A masterpiece, my friend. You've just earned another upvote on the story.

10425290
I think there's one important difference between this and the Ship of Theseus: The Ship of Theseus is a thing, Fluttershy is a man.

If you replace both the handle and the blade of your ax, then it's highly questionable it it's the same ax. Because every component of it has been replaced, nothing of the original ax is left. That's because an ax is a thing, not a man. Men are not mere objects, made of components. Men can think, men have minds. And it's our minds that make us men.

So long as Fluttershy's mind is intact, she is alive. It doesn't matter if every component of her body has been replaced, because Fluttershy's body isn't what makes her Fluttershy. Her mind is what makes her Fluttershy!

Hello Emotion Nexus, it's applezombi from My Little Reviews and Feedback!

Here is the first of two reviews for the day!

I heard you liked reviews! Here's another one!

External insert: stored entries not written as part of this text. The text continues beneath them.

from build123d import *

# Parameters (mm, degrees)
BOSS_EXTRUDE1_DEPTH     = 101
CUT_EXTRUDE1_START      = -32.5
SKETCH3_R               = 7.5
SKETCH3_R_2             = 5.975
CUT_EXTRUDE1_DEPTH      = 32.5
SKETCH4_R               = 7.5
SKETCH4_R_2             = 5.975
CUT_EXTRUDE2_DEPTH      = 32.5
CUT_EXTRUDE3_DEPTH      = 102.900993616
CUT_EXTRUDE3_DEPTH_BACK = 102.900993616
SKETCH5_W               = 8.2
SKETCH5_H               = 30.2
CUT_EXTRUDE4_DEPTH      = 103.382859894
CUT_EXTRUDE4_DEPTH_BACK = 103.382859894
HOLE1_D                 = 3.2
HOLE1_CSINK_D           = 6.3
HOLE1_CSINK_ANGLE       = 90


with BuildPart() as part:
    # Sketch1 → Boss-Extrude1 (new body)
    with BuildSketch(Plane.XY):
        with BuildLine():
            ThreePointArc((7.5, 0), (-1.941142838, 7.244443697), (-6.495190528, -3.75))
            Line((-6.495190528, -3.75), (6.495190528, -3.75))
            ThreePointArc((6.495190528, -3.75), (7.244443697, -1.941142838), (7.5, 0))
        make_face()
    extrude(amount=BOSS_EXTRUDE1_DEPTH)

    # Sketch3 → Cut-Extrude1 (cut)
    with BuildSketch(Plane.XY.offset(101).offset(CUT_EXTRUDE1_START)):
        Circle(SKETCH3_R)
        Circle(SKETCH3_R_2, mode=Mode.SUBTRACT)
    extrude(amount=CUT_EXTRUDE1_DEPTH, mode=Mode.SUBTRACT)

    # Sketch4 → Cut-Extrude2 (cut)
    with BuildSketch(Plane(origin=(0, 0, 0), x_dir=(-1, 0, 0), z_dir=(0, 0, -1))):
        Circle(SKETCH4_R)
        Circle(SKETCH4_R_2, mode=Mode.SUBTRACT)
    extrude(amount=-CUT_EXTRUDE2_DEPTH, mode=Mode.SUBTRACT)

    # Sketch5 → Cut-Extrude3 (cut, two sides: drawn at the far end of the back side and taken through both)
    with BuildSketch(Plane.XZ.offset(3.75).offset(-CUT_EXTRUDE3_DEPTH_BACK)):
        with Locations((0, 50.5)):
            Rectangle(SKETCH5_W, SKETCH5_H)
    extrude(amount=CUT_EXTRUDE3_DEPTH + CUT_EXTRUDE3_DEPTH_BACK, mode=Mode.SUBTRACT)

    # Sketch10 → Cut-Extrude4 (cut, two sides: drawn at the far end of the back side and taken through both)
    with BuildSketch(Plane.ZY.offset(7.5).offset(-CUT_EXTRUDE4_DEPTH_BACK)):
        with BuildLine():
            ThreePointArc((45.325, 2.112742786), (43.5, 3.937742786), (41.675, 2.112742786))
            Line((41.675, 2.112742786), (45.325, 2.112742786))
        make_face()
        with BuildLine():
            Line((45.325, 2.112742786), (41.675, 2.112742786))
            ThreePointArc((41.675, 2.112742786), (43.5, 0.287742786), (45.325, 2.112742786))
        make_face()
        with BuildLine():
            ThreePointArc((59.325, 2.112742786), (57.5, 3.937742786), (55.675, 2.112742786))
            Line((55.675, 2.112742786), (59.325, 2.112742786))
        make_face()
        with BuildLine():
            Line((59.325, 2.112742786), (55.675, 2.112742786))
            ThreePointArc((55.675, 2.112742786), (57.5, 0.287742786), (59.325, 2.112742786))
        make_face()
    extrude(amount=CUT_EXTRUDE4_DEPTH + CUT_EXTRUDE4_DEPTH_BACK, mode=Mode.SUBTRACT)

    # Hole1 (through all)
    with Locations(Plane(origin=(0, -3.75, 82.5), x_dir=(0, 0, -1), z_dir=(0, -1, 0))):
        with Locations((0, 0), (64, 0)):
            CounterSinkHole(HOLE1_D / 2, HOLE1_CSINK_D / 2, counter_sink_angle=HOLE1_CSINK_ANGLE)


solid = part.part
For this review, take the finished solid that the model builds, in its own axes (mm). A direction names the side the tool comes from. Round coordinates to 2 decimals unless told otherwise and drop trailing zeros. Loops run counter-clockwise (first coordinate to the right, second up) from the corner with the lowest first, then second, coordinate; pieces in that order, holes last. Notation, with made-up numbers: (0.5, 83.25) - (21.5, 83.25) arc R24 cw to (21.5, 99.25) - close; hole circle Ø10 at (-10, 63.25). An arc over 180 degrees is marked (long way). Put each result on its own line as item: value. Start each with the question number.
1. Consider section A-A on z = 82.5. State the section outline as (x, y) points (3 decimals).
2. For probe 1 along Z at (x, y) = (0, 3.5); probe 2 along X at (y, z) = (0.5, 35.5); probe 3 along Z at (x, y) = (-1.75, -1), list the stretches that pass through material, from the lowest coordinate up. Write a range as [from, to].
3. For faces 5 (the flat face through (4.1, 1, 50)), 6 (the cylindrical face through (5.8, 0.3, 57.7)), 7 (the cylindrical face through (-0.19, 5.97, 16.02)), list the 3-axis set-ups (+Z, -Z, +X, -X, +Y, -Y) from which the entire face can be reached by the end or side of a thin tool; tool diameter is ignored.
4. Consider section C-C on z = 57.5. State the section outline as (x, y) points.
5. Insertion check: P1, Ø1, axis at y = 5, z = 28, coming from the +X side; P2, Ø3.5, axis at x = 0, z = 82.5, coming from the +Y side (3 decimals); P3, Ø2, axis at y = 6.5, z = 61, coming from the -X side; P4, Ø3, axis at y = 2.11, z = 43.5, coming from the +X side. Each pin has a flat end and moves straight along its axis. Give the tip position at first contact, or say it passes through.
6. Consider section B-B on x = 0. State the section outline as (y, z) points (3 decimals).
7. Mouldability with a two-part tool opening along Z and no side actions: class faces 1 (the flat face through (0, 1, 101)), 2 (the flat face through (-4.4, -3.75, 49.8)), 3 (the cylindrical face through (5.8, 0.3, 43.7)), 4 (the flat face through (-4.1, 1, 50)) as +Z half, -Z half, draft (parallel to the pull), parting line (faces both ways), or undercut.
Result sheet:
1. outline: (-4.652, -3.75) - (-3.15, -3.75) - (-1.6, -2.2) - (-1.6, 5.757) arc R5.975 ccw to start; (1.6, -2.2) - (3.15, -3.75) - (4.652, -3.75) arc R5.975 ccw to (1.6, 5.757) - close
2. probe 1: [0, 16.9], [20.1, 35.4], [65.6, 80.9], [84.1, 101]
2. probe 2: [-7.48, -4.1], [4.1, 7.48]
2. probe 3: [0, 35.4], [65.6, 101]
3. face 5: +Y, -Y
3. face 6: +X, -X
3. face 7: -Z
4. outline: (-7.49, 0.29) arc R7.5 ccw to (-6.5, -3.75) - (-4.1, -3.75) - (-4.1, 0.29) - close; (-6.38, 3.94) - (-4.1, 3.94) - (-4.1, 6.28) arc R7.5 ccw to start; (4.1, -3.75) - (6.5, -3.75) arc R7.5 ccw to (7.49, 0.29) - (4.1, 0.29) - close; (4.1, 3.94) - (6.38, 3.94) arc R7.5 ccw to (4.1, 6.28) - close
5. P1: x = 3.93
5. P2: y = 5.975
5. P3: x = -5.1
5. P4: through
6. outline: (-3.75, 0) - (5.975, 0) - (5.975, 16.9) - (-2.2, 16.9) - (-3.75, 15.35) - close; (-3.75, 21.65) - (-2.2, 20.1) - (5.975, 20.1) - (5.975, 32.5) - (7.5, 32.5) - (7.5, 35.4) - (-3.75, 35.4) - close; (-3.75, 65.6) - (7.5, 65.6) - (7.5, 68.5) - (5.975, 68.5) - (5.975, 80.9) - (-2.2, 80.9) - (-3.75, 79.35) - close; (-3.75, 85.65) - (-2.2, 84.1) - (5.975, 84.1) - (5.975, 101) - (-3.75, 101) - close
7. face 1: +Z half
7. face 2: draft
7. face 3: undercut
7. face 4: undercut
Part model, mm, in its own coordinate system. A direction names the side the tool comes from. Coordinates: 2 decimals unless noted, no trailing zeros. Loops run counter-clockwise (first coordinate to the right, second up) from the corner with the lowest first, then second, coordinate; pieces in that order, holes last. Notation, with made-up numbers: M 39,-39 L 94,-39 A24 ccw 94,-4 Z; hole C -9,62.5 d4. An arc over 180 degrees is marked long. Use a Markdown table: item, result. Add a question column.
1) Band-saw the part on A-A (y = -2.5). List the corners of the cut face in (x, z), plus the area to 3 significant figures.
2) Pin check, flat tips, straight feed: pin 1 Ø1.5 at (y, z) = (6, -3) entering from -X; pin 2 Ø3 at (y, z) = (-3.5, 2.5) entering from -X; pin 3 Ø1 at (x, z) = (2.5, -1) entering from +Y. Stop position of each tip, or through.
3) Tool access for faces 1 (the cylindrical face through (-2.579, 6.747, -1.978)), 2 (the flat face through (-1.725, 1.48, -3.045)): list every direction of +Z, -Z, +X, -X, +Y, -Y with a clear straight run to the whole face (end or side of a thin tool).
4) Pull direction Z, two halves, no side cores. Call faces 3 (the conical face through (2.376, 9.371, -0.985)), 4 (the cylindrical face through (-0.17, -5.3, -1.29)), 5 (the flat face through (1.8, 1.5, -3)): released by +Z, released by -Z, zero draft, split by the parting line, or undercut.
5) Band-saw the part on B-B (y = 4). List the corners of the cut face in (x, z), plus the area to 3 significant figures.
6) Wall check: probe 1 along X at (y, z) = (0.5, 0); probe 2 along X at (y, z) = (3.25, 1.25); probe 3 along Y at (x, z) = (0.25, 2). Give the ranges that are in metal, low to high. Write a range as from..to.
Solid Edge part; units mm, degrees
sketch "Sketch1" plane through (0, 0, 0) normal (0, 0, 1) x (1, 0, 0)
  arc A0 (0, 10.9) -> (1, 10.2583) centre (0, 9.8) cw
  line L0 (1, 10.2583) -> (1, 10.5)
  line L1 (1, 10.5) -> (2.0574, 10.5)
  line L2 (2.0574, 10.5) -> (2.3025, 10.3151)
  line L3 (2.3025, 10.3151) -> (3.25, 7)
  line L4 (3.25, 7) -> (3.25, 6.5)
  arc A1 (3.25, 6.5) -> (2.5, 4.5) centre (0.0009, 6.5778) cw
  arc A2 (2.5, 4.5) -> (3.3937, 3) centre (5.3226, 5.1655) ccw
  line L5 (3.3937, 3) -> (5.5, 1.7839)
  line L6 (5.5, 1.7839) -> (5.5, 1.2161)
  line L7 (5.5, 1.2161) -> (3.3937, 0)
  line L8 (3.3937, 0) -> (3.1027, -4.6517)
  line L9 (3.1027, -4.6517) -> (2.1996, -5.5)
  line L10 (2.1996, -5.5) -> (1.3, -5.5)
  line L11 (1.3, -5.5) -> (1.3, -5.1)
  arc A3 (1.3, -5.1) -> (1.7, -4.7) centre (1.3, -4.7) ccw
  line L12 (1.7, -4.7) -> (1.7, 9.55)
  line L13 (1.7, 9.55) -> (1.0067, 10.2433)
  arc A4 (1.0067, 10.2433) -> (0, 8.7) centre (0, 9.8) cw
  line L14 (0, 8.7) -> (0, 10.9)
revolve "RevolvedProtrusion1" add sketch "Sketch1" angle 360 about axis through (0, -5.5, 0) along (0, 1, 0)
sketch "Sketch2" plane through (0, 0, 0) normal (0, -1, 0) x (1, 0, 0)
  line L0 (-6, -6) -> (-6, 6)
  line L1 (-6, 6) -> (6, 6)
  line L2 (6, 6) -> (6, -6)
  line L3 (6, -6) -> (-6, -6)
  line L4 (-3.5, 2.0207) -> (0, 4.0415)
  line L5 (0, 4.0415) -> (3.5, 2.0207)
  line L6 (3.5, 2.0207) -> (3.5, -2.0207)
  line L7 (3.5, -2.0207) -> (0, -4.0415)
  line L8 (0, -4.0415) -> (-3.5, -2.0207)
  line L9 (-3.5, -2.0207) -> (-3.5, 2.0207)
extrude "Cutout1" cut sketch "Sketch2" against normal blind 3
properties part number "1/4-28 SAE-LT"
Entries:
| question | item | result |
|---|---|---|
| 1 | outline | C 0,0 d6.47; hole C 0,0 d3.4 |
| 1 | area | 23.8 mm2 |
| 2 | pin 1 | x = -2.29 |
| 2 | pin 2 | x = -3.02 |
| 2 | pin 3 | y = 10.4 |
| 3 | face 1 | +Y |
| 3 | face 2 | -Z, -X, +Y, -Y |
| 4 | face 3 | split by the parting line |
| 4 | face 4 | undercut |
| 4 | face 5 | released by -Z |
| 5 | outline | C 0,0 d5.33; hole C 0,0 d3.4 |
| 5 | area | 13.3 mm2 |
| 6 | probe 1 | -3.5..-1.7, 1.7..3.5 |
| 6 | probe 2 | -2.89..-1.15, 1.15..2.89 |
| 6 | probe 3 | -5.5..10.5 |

This wasn't what I expected it to be at all, and I really enjoyed it. Twi being sad because she misses her mortal friends far into the future is nothing new, but that doesn't mean it can't be interesting or handled in vivid and believable ways. However, bringing a pony's soul back from the dead and putting them into an artificial body like the machine Twilight constructed is new. Admittedly, I would have loved to see a sequel or a dramatically expanded piece of this because there are so many things that can come from this idea. For example, the way Fluttershy talked about the legitimate wrongness of her experience and knowledge that she should be dead implied that there was somewhere she needed to be, yet you manage to dodge the question of whether or not there is an afterlife for these creatures in a believable way. While I would have loved to see how you painted the future of Equestria and its familiar immortal faces, that Fluttershy decided to be de-powered within one conversation was still well-written and evocative. I'd just be satisfied with a longer, richer version of this story that the current word count doesn't really cover.